Legislation that would limit power rate increases in Nova Scotia jeopardizes the province’s goal of getting off coal by 2030, the head of the province’s privately owned utility told a legislature committee Monday.
Peter Gregg, president and CEO of Nova Scotia Power, said the Progressive Conservative government’s amendments to the Public Utilities Act would restrict the utility’s ability to make immediate investments that are needed to strengthen the power grid and move to renewable sources of energy.
“These are the investments that this legislation constrains, delays or cancels,” Gregg told the law amendments committee, saying that without the government’s proposed cap, rates would increase just $15 per month for the average household by 2024. ”We have to have a clear conversation of what we’re actually saving here,“ he said.
Nova Scotia Power is asking the province’s regulator for a rate increase of nearly 14 per cent over the next two years, while the government’s bill would limit that to 1.8 per cent over the next two years — excluding increases linked to fuel costs.
The government has admitted that a hefty increase is likely still in store for customers because of rising fuel costs when the Nova Scotia Utility and Review Board makes its final decision expected at the end of December.

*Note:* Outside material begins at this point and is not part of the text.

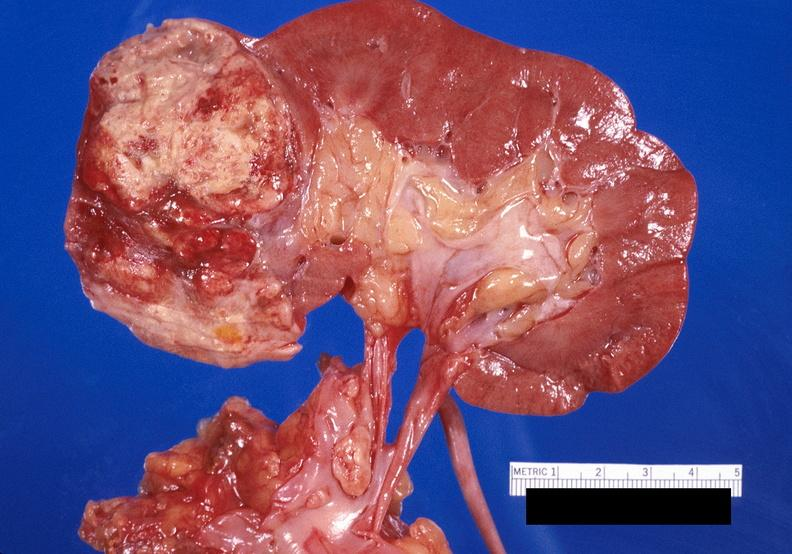does good example of muscle atrophy show renal cell carcinoma with extension into vena cava?
Answer the question using a single word or phrase. No

Gregg said the legislative changes would result in $150 million in lost revenue for the utility over 2023 and 2024, meaning “costs will have to be reduced to adjust.”
“This legislation puts Nova Scotia’s reliable and clean energy future at risk,” he said. Gregg told legislators that they have a choice to make and they can’t “logically” support both the proposed bill and the province’s climate goals.
He was later asked by reporters whether Nova Scotia Power could wean itself off coal by 2030 if the legislation passes. “I really don’t really see a path that will let us do that,” Gregg said.
Bill Mahody, who argues on behalf of consumers before the review board, criticized the bill for overriding the independence of the regulator by setting power rates from the floor of the legislature.
Mahody said the legislation runs the long-term risk of increasing the utility’s financing costs, which would result in a far greater cost to consumers than the temporary savings resulting from the government’s bill.
“I would respectfully urge our elected representatives to allow the rate-setting mechanism to unfold,” said Mahody. “Independent utility regulation is in the best long-term interest of ratepayers.”
Brian Gifford, of the Affordable Energy Coalition, also expressed concern the bill would undermine the independent review process as carried out by the regulator and said the rate increase cap would do little to help low-income earners.
Gifford called for the legislation to include a change that would allow the review board to consider different power rates for lower-income households. “If now is not the time to create a regulated low-income rate relief program, when will there ever be a time?” Gifford asked.
The change was later proposed as an amendment to the bill by the NDP but it was voted down by the Progressive Conservative majority on the committee.
The bill was returned to the legislature for further consideration with only a minor Tory amendment that clarified that revenue from the rate increase is to be used to “improve the reliability of service to ratepayers.”